**Exercise aim:**
In the listing below, find the line containing "degree=3, knots=knots, dxfattribs=at)" and the line containing "for major_axis, start_param, end_param". Repeat exactly those two lines and every line between them, nothing more.

**Entries provided:**
>>>

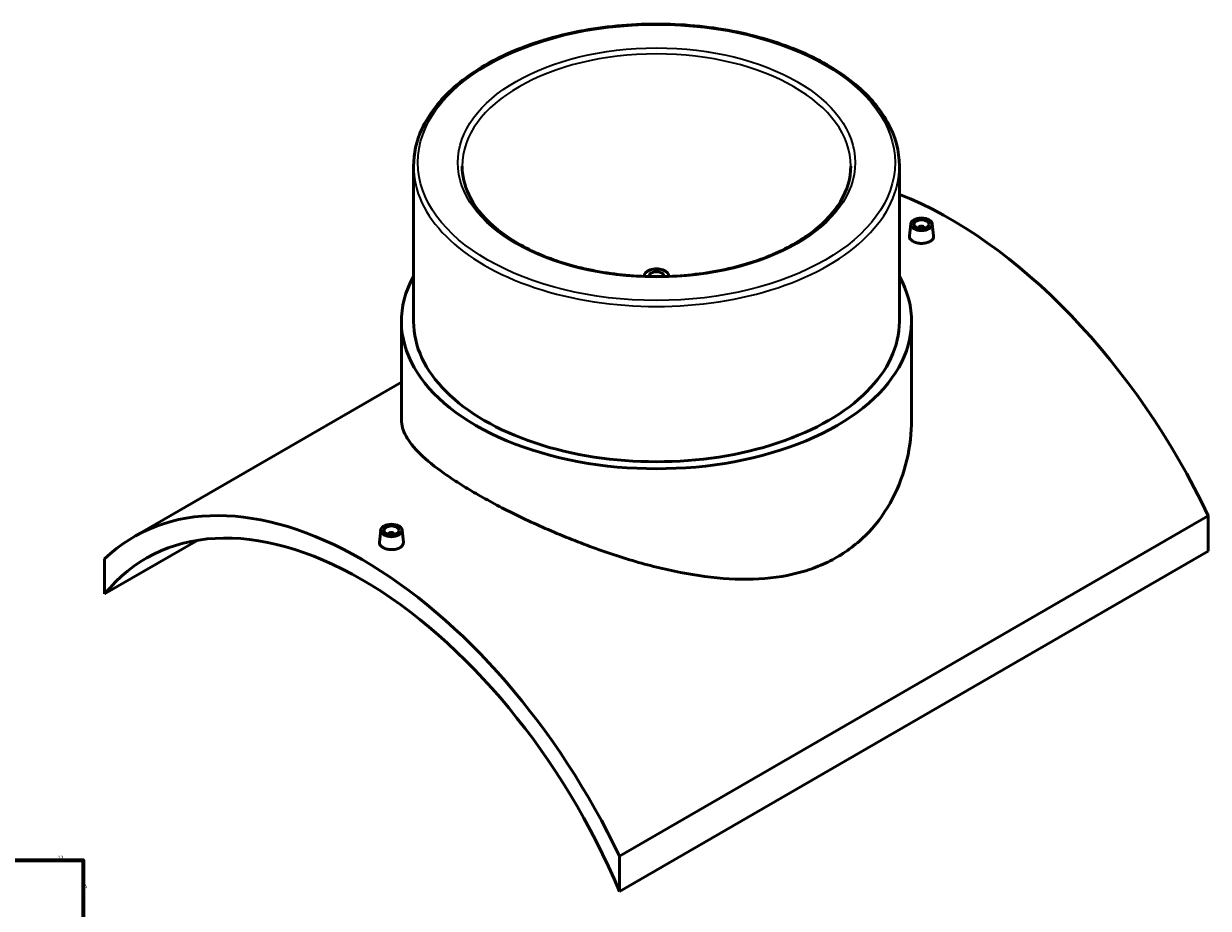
# Model space of a CAD drawing. Header units: millimetres. Extents: x -344 to 1551, y -395 to 1116.
# Tile 5 of 5: x 782 to 1551, y 543 to 1116. Entities that reach past the tile are written whole.
import ezdxf

# ---------------------------------------------------------------- set-up
doc = ezdxf.new("R2010")
doc.units = ezdxf.units.MM
for name, color, linetype, lineweight in [('Border (ANSI)', 7, 'Continuous', 70), ('Visible (ANSI)', 7, 'Continuous', 50), ('Visible Narrow (ANSI)', 7, 'Continuous', 35)]:
    doc.layers.add(name, color=color, linetype=linetype, lineweight=lineweight)
doc.styles.add('Note Text (ANSI)', font='tahoma.ttf')

# ---------------------------------------------------------------- blocks, each defined once
blk = doc.blocks.new('Borders Default Border')
at = {"layer": 'Border (ANSI)', "flags": 128}
blk.add_lwpolyline([(20, 20), (20, 574), (821, 574), (821, 20), (20, 20)], dxfattribs=at)
at = {"layer": 'Border (ANSI)', "color": 5, "true_color": 0x0000ff, "char_height": 2.4, "attachment_point": 7, "style": 'Note Text (ANSI)'}
for s, insert in [('12', (804.52, 574.4)), ('A', (821.58, 555.68))]:
    blk.add_mtext(s, dxfattribs=dict(at, insert=insert))

msp = doc.modelspace()

# ---------------------------------------------------------------- linework, layer by layer
at = {"layer": 'Visible (ANSI)'}
for p, q in [((1035.25, 1023.66), (1035.25, 923.07)), ((1350.25, 1023.66), (1350.25, 923.07)), ((1357.59, 986.27), (1356.75, 978.41)), ((1362.58, 983.37), (1362.58, 983.57)), ((1366.58, 983.37), (1366.58, 983.57)), ((1371.56, 986.27), (1372.4, 978.42)), ((1184.75, 952.46), (1184.75, 952.24)), ((1200.75, 952.46), (1200.75, 952.24)), ((1027.37, 923.07), (1027.37, 859.32)), ((1358.12, 923.07), (1358.12, 859.32)), ((1027.37, 883.61), (853.83, 783.41)), ((1550.55, 797.05), (1168.71, 576.6)), ((1550.55, 797.05), (1550.55, 774.2)), ((1013.94, 787.86), (1013.09, 780.01)), ((1018.92, 785.16), (1018.92, 784.97)), ((1022.92, 785.16), (1022.92, 784.97)), ((1027.91, 787.86), (1028.75, 780.02)), ((834.95, 746.44), (895.28, 781.27)), ((834.95, 769.29), (834.95, 746.44)), ((1168.71, 553.75), (1550.55, 774.2)), ((1168.71, 553.75), (1168.71, 576.6))]:
    msp.add_line(p, q, dxfattribs=at)
for centre, major_axis, start_param, end_param in [((1383.67, 747.52), (148, -256.34), 1.43339, 2.516548), ((1364.58, 983.57), (-2, 0), 2.963882, 6.460896), ((1192.75, 952.46), (-8, 0), 3.094132, 6.330646), ((1192.75, 952.46), (4.8, 0), 6.170158, 9.537805), ((1192.75, 923.07), (165.38, 0), 2.831748, 6.59303), ((1192.75, 923.07), (-157.5, 0), 0, 3.141593), ((1001.83, 527.07), (-148, 256.34), 4.574983, 6.420591), ((1001.83, 527.07), (-140, 242.49), 4.495216, 6.500358), ((1020.92, 785.16), (-2, 0), 2.963882, 6.460896)]:
    msp.add_ellipse(centre, major_axis=major_axis, ratio=0.57735, start_param=start_param, end_param=end_param, dxfattribs=at)
for centre, major_axis in [((1364.58, 986.02), (7, 0)), ((1364.58, 986.02), (5, 0)), ((1020.92, 787.61), (-7, 0)), ((1020.92, 787.61), (5, 0))]:
    msp.add_ellipse(centre, major_axis=major_axis, ratio=0.57735, dxfattribs=at)
for points, knots in [([(1350.25, 1023.66), (1350.25, 1033.36), (1347.62, 1043.05), (1337.39, 1061.54), (1329.69, 1070.32), (1309.92, 1086.12), (1297.77, 1093.11), (1270.32, 1104.49), (1255.02, 1108.88), (1222.87, 1114.62), (1206.01, 1115.97), (1172.43, 1115.53), (1155.71, 1113.74), (1124.06, 1107.18), (1109.13, 1102.41), (1082.56, 1090.32), (1070.92, 1083.01), (1052.19, 1066.52), (1045.08, 1057.34), (1037.08, 1039.88), (1035.25, 1031.77), (1035.25, 1023.66)], [0.785398, 0.785398, 0.785398, 0.785398, 1.094509, 1.094509, 1.410969, 1.410969, 1.733447, 1.733447, 2.056366, 2.056366, 2.378777, 2.378777, 2.700996, 2.700996, 3.023467, 3.023467, 3.346443, 3.346443, 3.668551, 3.668551, 3.926991, 3.926991, 3.926991, 3.926991]), ([(1318.75, 1023.66), (1318.75, 1015.9), (1316.49, 1008.12), (1307.65, 993.46), (1301.22, 986.58), (1284.9, 974.39), (1275.09, 969.06), (1253, 960.41), (1240.73, 957.09), (1214.94, 952.81), (1201.43, 951.86), (1174.55, 952.44), (1161.19, 953.97), (1136.02, 959.35), (1124.21, 963.2), (1103.34, 972.78), (1094.29, 978.5), (1079.8, 991.19), (1074.38, 998.15), (1068.17, 1011.34), (1066.75, 1017.5), (1066.75, 1023.66)], [5.497787, 5.497787, 5.497787, 5.497787, 5.832836, 5.832836, 6.155886, 6.155886, 6.472431, 6.472431, 6.788894, 6.788894, 7.105989, 7.105989, 7.423291, 7.423291, 7.740263, 7.740263, 8.056583, 8.056583, 8.373709, 8.373709, 8.63938, 8.63938, 8.63938, 8.63938]), ([(1370.13, 974.89), (1369.43, 974.49), (1368.55, 974.15), (1366.61, 973.7), (1365.56, 973.6), (1363.59, 973.62), (1362.54, 973.75), (1360.61, 974.23), (1359.73, 974.58), (1358.34, 975.38), (1357.73, 975.89), (1356.93, 976.99), (1356.73, 977.58), (1356.73, 978.23), (1356.74, 978.32), (1356.75, 978.41)], [2.364037, 2.364037, 2.364037, 2.364037, 2.659581, 2.659581, 2.955125, 2.955125, 3.25059, 3.25059, 3.546056, 3.546056, 3.841521, 3.841521, 4.136987, 4.136987, 4.184886, 4.184886, 4.184886, 4.184886]), ([(1372.4, 978.42), (1372.41, 978.33), (1372.42, 978.23), (1372.42, 977.56), (1372.23, 976.94), (1371.43, 975.81), (1370.82, 975.29), (1370.13, 974.89)], [6.4527786, 6.4527786, 6.4527786, 6.4527786, 6.5010242, 6.5010242, 6.796568, 6.796568, 7.0921117, 7.0921117, 7.0921117, 7.0921117]), ([(1309.69, 770.22), (1305.91, 768.04), (1301.9, 766.09), (1293.49, 762.68), (1289.08, 761.23), (1275.36, 757.67), (1265.53, 756.37), (1245.2, 755.74), (1234.66, 756.4), (1213.55, 759.18), (1202.97, 761.3), (1182.58, 766.36), (1172.01, 769.49), (1150.89, 776.64), (1140.32, 780.66), (1119.94, 789.14), (1110.1, 793.62), (1096.37, 800.36), (1091.96, 802.61), (1083.56, 807.08), (1079.57, 809.29), (1072.05, 813.63), (1068.42, 815.82), (1061.52, 820.19), (1058.25, 822.37), (1049.09, 828.84), (1043.86, 833.07), (1035.52, 841.17), (1032.4, 845.05), (1028.33, 852.45), (1027.37, 855.97), (1027.37, 859.32)], [0, 0, 0, 0, 1.602397, 1.602397, 3.204794, 3.204794, 6.409589, 6.409589, 9.614383, 9.614383, 12.819177, 12.819177, 16.009321, 16.009321, 19.199464, 19.199464, 22.389608, 22.389608, 23.984679, 23.984679, 25.579751, 25.579751, 27.174823, 27.174823, 28.769895, 28.769895, 31.960038, 31.960038, 35.150182, 35.150182, 38.340325, 38.340325, 38.340325, 38.340325]), ([(1358.12, 859.32), (1358.12, 850.88), (1357.16, 842.1), (1353.09, 824.77), (1349.97, 816.24), (1341.65, 800.32), (1336.44, 792.94), (1327.28, 783.28), (1324.01, 780.3), (1317.1, 774.86), (1313.46, 772.41), (1309.69, 770.22)], [89.499827, 89.499827, 89.499827, 89.499827, 92.704622, 92.704622, 95.909416, 95.909416, 99.11421, 99.11421, 100.716608, 100.716608, 102.319005, 102.319005, 102.319005, 102.319005]), ([(1026.47, 776.48), (1025.78, 776.08), (1024.89, 775.74), (1022.96, 775.29), (1021.91, 775.19), (1019.94, 775.21), (1018.89, 775.34), (1016.96, 775.82), (1016.07, 776.17), (1014.68, 776.97), (1014.08, 777.48), (1013.28, 778.58), (1013.08, 779.17), (1013.08, 779.82), (1013.08, 779.91), (1013.09, 780.01)], [0, 0, 0, 0, 0.295544, 0.295544, 0.591087, 0.591087, 0.886553, 0.886553, 1.182019, 1.182019, 1.477484, 1.477484, 1.77295, 1.77295, 1.820848, 1.820848, 1.820848, 1.820848]), ([(1028.75, 780.02), (1028.76, 779.92), (1028.77, 779.82), (1028.77, 779.15), (1028.57, 778.53), (1027.77, 777.4), (1027.17, 776.89), (1026.47, 776.48)], [4.0887414, 4.0887414, 4.0887414, 4.0887414, 4.136987, 4.136987, 4.4325307, 4.4325307, 4.7280745, 4.7280745, 4.7280745, 4.7280745])]:
    msp.add_open_spline(points, degree=3, knots=knots, dxfattribs=at)
at = {"layer": 'Visible Narrow (ANSI)'}
for major_axis in [(154.7, 0), (128.8, 0)]:
    msp.add_ellipse((1192.75, 1025.95), major_axis=major_axis, ratio=0.57735, dxfattribs=at)
for major_axis, start_param, end_param in [((-126, 0), 3.141593, 6.283185), ((-157.5, 0), 0, 3.141593)]:
    msp.add_ellipse((1192.75, 1023.66), major_axis=major_axis, ratio=0.57735, start_param=start_param, end_param=end_param, dxfattribs=at)

# ---------------------------------------------------------------- block references
msp.add_blockref('Borders Default Border', (0, 0))

doc.saveas('drawing.dxf')

<<<

**Expected answer:**
    msp.add_open_spline(points, degree=3, knots=knots, dxfattribs=at)
at = {"layer": 'Visible Narrow (ANSI)'}
for major_axis in [(154.7, 0), (128.8, 0)]:
    msp.add_ellipse((1192.75, 1025.95), major_axis=major_axis, ratio=0.57735, dxfattribs=at)
for major_axis, start_param, end_param in [((-126, 0), 3.141593, 6.283185), ((-157.5, 0), 0, 3.141593)]:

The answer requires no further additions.